= Your task =
Copy out all of the data word for word. Omit every picture.

-- Opening Marker --

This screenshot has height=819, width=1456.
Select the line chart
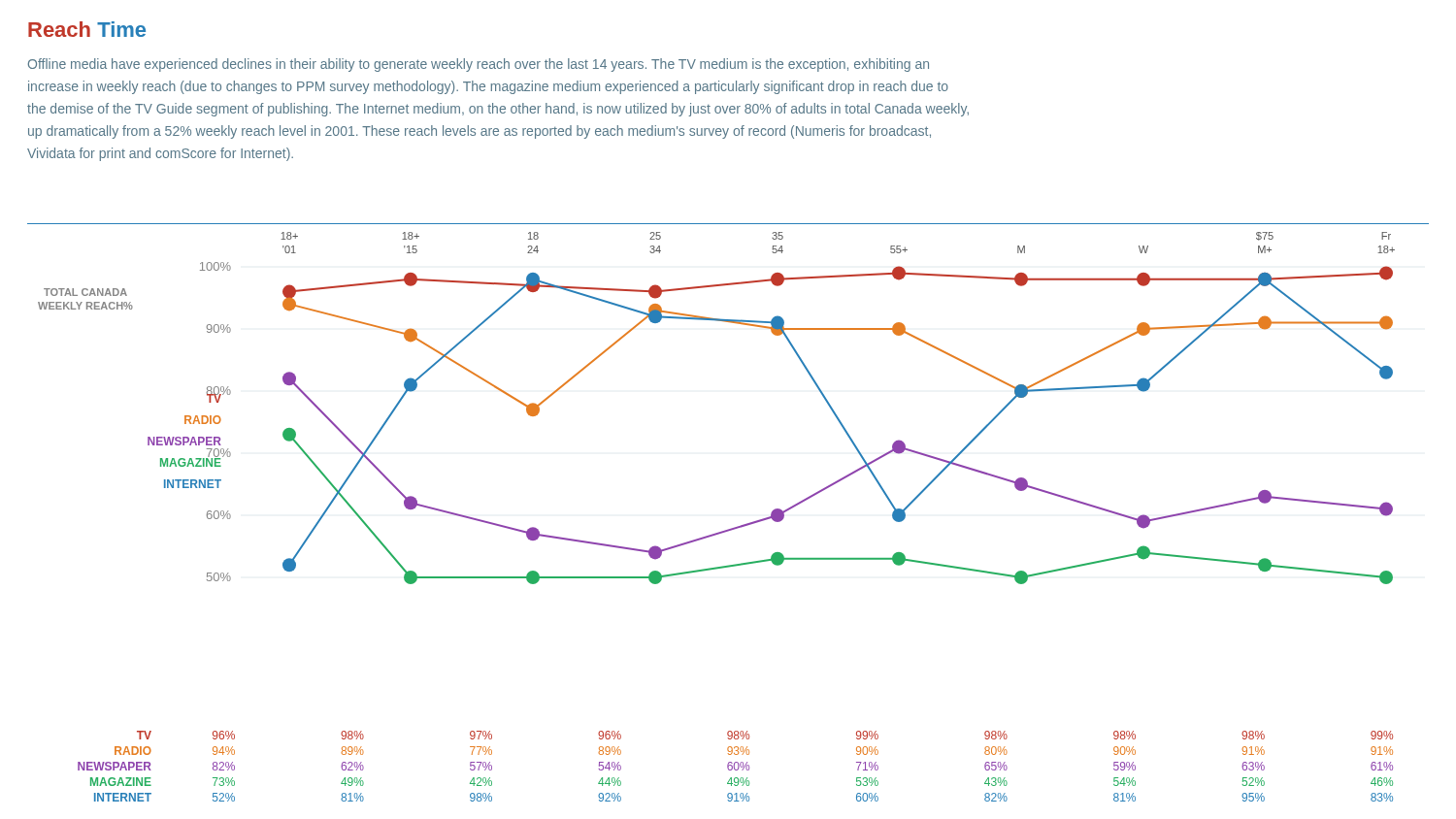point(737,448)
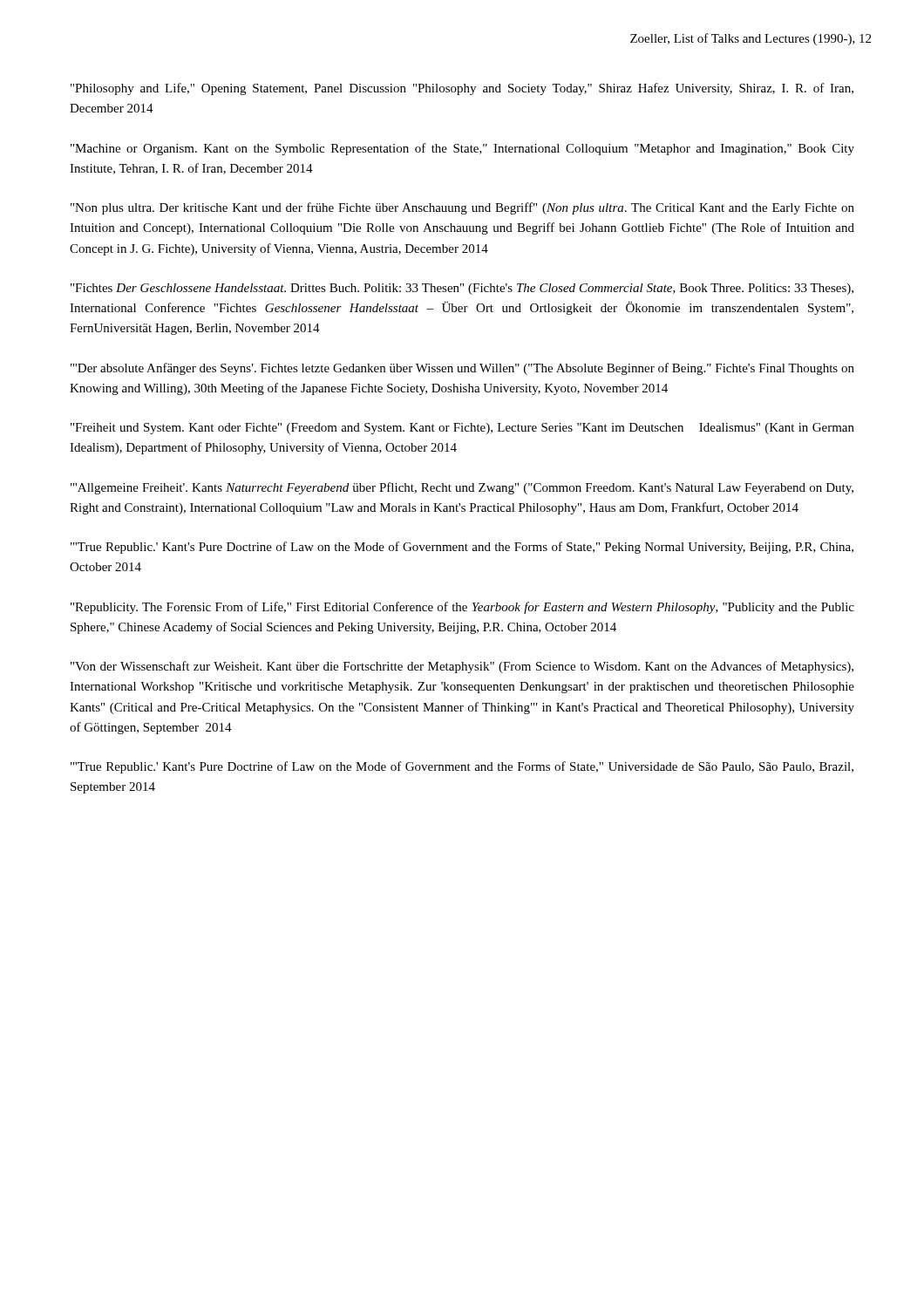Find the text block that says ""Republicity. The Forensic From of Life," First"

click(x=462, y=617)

-- Closing Marker --

= Answer to this task =
This screenshot has height=819, width=1456.
Select the line chart
point(737,448)
Find the text block that says ""Republicity. The Forensic From of Life," First"

click(x=462, y=617)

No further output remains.